As more bones were found, the cuts and scratches on them indicated that the dead mastodon had been partially butchered for food. Over the next few years, experts from other fields took advantage of the dig to research the conditions in which the mastodon had lived. Pollens and seeds collected at the site showed the type of vegetation surrounding the ancient pond, which provided clues as to the climate at the time. The dry Sequim Valley was even drier then, as evidenced by the cactus found. The scientists concluded that the evergreen forests of the present had not yet developed in the area. Additional fragmentary animal remains included bison and caribou as well as snakes, frogs, and ducks.

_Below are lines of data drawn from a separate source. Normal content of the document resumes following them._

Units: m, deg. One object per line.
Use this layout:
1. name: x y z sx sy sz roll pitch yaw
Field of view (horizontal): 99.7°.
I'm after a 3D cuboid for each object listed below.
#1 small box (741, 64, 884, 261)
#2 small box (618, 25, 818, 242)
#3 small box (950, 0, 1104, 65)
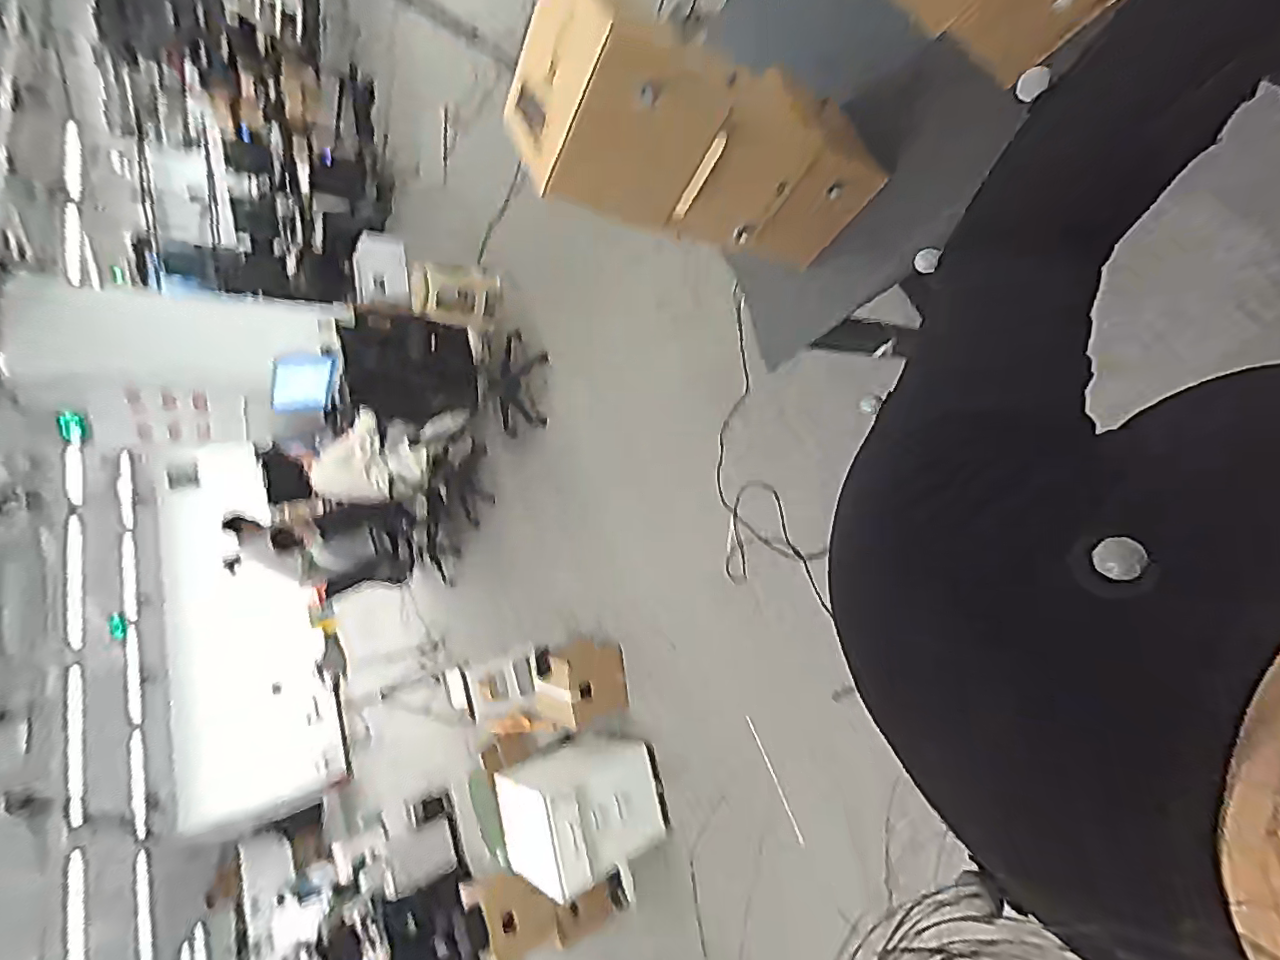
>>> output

On higher ground near the pond, charcoal and animal bones indicated that humans had camped there repeatedly between 14,000 and 8,000 years ago. The team discovered that the early hunters had carried bones from the more exposed right side of the mastodon to a slightly higher elevation for butchering. The presence of these bones less than an inch above the glacial gravel indicated that the mastodon had died soon after the last glacier had retreated. Subsequent excavations nearby yielded a few remains of another apparently butchered mastodon, as well as evidence of repeated human habitation.
The Mastodon-Human Connection
In Dr. Gustafson’s view, the accumulated evidence from the Manis site suggests that “people lived on the Olympic Peninsula at least 4,000 years earlier than previously anticipated” (Gustafson, 15). Not all scientists agree, however, for as Dr. Gustafson explained in 2002, “Before the Sequim find, the conventional wisdom within the scientific community had been that humans didn’t hunt, eat or even cross paths with mastodons” (Paulson). For this reason, plus the primitive appearance of the supposed spear tip and the extremely early dating, Gustafson’s conclusions are still somewhat controversial. Yet in his and many others’ view, there is no other way to account for the foreign bone that fractured the mastodon’s rib. Scientists have fewer doubts about more recent human involvement with mammoths.

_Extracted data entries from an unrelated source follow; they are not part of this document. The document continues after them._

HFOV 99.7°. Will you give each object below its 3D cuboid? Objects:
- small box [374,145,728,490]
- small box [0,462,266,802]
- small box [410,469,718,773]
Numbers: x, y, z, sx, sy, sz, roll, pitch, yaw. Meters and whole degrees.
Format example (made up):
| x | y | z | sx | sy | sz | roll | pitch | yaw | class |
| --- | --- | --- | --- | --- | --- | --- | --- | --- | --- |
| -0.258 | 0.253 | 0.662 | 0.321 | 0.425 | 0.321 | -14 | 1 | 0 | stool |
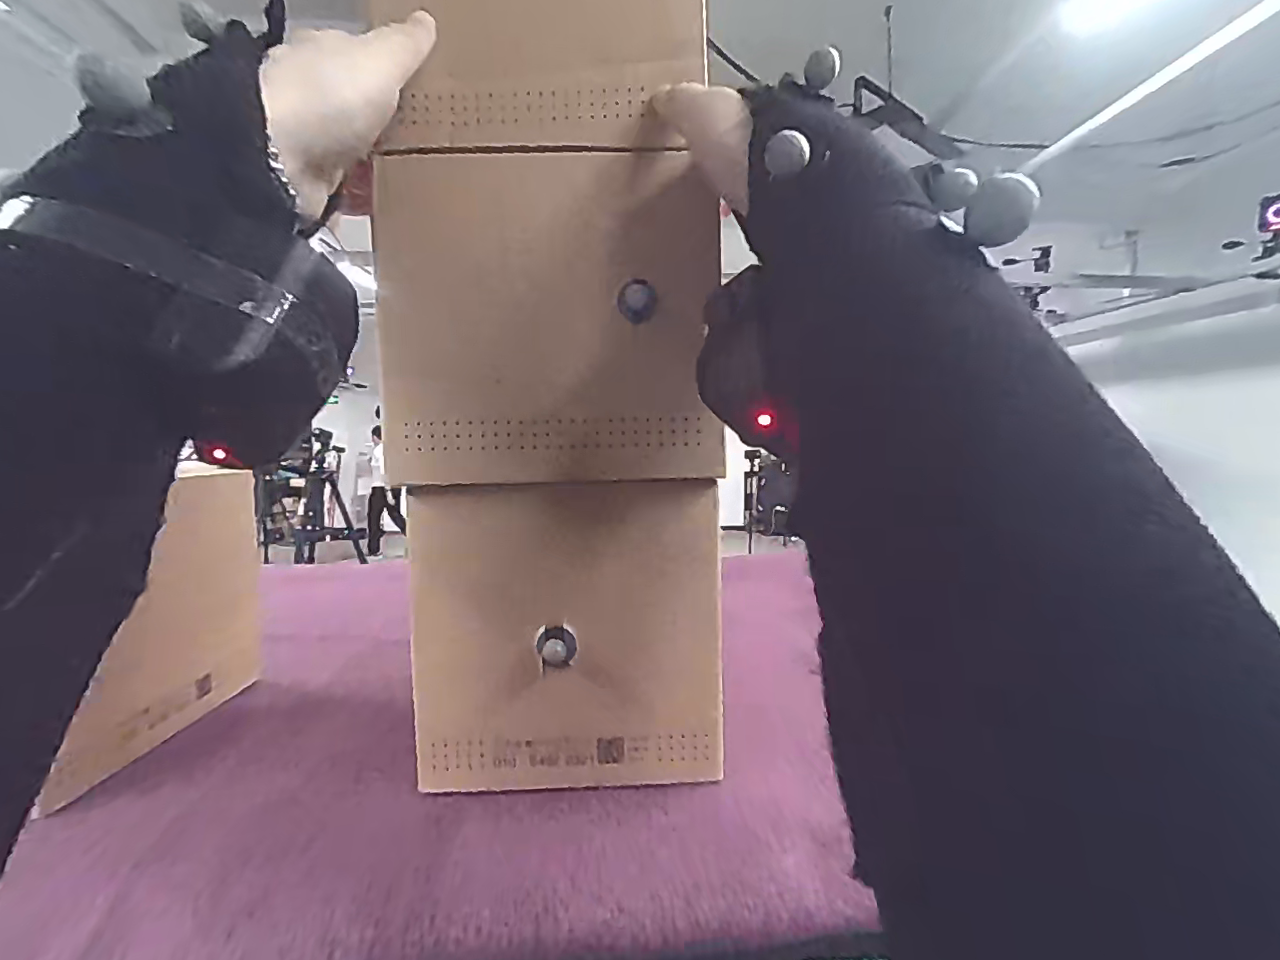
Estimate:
| x | y | z | sx | sy | sz | roll | pitch | yaw | class |
| --- | --- | --- | --- | --- | --- | --- | --- | --- | --- |
| -0.044 | -0.083 | 0.348 | 0.179 | 0.176 | 0.168 | -2 | 2 | -2 | small box |
| -0.379 | 0.078 | 0.345 | 0.179 | 0.176 | 0.168 | 0 | 5 | -1 | small box |
| -0.039 | 0.077 | 0.373 | 0.168 | 0.176 | 0.179 | 0 | 3 | -1 | small box |

Emanual Manis died in 2000. In 2002 Clare Manis donated the two-acre site to the non-profit Archaeological Conservancy in his memory. The tusks and major bones of the mastodon are preserved in an exhibit at the Museum and Arts Center in Sequim. The life-size mural on which actual bones are superimposed convincingly depicts the mastodon and its environment. The tusks repose in a tank of water in front of the mural. An excellent video shown there, narrated by Dr. Gustafson, recounts the history of excavation of the site.
In the fall of 2011, Professor Gustafson, at age 75, finally saw the vindication of his theory that the object penetrating the rib of the mastodon was a projectile point. The prevailing scientific wisdom has long been that the Clovis people were the earliest hunters in North America, the evidence being a discovery during the 1930s of stone projectiles 13,000 years old at Clovis, New Mexico. Gustafson’s claim that humans had hunted mastodons even earlier evoked the skepticism and even scorn of the “Clovis first” advocates. In their view, the object found in the mastodon’s rib was from the tusk of another mastodon or the antler of a charging elk.
Now DNA sequencing, CT scanning, and other advanced methods of analysis at the Center for the Study of the First Americans at Texas A&M University have shown that the object was a piece of mastodon bone intentionally shaped into a spear point more than 10 inches long. Further scientific analysis confirmed the creature’s death to have occurred around 13,800 years ago, predating the Clovis people by some 800 years. The reassessment of Gustafson’s discovery adds significantly to a growing body of evidence for pre-Clovis human presence in North America.